> _EXERCISE AIM_:
Lines from the one containing "Next, the bus shelter (1156,457,1180,525)." through the last line of the material below: print these exactly, and only these.

> _THE INPUT_:
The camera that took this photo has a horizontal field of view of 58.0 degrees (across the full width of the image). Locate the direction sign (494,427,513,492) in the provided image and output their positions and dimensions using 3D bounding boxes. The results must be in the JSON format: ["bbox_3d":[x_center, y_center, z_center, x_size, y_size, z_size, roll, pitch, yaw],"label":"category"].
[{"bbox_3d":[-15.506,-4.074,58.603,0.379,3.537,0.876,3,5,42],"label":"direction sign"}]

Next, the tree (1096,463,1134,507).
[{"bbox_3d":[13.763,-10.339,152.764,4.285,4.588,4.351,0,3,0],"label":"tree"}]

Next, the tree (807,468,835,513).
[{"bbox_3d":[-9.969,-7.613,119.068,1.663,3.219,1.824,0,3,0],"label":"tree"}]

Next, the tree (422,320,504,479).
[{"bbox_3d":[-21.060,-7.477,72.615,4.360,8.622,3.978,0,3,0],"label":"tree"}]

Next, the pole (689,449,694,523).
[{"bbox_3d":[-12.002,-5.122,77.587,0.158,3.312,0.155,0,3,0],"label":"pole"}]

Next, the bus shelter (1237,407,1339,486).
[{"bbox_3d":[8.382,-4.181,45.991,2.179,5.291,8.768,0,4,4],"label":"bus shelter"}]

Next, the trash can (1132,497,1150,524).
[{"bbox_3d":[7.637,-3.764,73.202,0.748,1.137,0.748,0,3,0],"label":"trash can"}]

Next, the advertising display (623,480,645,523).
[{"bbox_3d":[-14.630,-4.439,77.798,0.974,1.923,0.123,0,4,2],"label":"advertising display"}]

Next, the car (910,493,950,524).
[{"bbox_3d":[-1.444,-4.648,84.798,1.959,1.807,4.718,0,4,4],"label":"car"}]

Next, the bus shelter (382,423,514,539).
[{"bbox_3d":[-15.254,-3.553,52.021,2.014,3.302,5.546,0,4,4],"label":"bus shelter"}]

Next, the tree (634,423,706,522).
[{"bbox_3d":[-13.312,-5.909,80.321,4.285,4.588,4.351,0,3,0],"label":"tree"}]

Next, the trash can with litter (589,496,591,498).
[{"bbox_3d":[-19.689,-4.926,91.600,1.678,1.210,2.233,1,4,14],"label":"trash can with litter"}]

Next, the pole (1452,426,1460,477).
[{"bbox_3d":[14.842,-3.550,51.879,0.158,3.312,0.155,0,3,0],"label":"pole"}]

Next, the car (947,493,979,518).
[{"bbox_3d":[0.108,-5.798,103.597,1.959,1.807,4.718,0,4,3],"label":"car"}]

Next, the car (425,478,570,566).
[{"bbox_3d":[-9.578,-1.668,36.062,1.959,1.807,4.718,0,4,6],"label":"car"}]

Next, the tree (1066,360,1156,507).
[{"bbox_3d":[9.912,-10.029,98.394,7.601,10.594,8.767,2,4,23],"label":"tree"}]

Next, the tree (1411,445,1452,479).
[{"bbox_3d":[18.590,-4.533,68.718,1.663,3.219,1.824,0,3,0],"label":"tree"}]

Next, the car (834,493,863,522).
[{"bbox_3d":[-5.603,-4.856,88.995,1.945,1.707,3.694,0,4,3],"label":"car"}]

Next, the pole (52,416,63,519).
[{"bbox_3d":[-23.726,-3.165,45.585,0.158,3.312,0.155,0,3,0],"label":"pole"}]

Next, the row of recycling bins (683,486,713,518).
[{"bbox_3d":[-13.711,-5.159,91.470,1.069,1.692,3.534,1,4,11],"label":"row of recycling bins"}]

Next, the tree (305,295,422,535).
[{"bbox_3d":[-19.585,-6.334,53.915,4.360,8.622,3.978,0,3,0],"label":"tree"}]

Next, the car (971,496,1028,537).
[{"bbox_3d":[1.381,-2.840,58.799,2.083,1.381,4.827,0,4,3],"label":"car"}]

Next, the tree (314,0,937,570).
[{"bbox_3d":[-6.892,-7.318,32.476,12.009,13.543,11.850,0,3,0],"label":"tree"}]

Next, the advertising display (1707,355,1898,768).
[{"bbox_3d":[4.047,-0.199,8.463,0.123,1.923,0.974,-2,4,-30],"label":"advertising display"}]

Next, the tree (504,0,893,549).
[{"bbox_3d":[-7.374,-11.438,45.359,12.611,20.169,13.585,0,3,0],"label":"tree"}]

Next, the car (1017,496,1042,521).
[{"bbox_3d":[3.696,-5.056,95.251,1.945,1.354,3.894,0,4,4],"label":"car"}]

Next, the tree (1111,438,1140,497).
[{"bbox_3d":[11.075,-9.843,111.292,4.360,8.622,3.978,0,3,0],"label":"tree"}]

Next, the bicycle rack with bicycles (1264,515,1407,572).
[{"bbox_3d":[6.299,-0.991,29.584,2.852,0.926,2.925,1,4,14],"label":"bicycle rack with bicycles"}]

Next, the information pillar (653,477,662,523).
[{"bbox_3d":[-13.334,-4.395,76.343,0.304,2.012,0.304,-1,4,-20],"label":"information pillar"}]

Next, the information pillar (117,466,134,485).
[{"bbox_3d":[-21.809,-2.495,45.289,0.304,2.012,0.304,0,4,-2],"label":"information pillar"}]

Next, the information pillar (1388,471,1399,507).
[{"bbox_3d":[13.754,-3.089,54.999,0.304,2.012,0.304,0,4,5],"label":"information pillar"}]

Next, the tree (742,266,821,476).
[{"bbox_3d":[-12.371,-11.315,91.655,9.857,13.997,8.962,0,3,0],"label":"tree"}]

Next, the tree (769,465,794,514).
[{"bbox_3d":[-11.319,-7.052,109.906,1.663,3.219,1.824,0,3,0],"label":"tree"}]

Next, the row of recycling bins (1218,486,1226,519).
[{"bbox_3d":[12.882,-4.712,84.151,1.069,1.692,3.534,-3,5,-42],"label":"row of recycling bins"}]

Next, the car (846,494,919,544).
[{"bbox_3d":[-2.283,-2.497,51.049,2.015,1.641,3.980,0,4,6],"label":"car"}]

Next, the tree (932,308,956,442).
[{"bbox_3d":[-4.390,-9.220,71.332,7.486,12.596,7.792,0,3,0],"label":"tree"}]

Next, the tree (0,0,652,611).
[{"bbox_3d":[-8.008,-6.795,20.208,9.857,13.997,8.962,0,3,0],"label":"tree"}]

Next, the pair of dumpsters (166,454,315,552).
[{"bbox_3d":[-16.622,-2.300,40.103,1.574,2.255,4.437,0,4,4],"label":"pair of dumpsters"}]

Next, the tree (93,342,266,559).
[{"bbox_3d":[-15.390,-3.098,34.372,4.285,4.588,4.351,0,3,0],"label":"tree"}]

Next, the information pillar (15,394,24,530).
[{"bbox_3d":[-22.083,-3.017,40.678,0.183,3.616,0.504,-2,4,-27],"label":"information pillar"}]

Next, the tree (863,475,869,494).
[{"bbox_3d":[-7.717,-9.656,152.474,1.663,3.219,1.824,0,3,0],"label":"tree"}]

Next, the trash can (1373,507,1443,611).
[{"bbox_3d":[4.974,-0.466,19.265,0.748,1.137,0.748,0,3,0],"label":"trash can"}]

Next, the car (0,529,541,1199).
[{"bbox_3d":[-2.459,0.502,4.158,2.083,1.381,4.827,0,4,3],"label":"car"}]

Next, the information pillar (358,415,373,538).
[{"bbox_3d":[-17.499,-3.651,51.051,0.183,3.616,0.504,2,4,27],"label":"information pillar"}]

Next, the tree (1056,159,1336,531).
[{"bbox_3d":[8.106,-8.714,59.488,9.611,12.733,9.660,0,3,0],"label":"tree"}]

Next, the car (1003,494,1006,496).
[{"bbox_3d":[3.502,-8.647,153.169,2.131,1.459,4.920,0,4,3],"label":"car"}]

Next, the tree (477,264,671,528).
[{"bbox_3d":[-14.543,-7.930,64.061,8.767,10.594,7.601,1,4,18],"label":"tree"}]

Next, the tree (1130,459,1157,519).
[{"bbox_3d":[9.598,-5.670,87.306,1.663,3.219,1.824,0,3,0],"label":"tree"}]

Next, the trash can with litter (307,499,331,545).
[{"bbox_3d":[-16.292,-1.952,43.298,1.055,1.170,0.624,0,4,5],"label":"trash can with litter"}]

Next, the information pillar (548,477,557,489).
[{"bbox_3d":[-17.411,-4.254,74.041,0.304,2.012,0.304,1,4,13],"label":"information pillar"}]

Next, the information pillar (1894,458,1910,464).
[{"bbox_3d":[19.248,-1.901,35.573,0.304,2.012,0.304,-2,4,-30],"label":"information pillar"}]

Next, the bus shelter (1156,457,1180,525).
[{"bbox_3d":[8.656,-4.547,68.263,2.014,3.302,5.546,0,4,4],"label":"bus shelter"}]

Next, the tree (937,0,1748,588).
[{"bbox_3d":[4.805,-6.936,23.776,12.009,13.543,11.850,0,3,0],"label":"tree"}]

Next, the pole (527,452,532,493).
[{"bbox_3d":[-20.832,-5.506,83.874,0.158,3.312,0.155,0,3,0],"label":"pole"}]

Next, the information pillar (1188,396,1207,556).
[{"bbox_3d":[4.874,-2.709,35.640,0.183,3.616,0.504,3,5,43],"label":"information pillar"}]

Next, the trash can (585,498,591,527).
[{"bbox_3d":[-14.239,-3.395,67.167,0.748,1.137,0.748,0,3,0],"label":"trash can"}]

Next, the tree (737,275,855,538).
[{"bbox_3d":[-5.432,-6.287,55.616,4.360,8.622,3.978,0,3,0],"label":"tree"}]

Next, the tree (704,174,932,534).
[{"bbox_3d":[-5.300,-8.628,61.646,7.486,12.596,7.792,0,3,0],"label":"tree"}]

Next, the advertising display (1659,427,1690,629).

> _YOUR RESPONSE_:
Next, the bus shelter (1156,457,1180,525).
[{"bbox_3d":[8.656,-4.547,68.263,2.014,3.302,5.546,0,4,4],"label":"bus shelter"}]

Next, the tree (937,0,1748,588).
[{"bbox_3d":[4.805,-6.936,23.776,12.009,13.543,11.850,0,3,0],"label":"tree"}]

Next, the pole (527,452,532,493).
[{"bbox_3d":[-20.832,-5.506,83.874,0.158,3.312,0.155,0,3,0],"label":"pole"}]

Next, the information pillar (1188,396,1207,556).
[{"bbox_3d":[4.874,-2.709,35.640,0.183,3.616,0.504,3,5,43],"label":"information pillar"}]

Next, the trash can (585,498,591,527).
[{"bbox_3d":[-14.239,-3.395,67.167,0.748,1.137,0.748,0,3,0],"label":"trash can"}]

Next, the tree (737,275,855,538).
[{"bbox_3d":[-5.432,-6.287,55.616,4.360,8.622,3.978,0,3,0],"label":"tree"}]

Next, the tree (704,174,932,534).
[{"bbox_3d":[-5.300,-8.628,61.646,7.486,12.596,7.792,0,3,0],"label":"tree"}]

Next, the advertising display (1659,427,1690,629).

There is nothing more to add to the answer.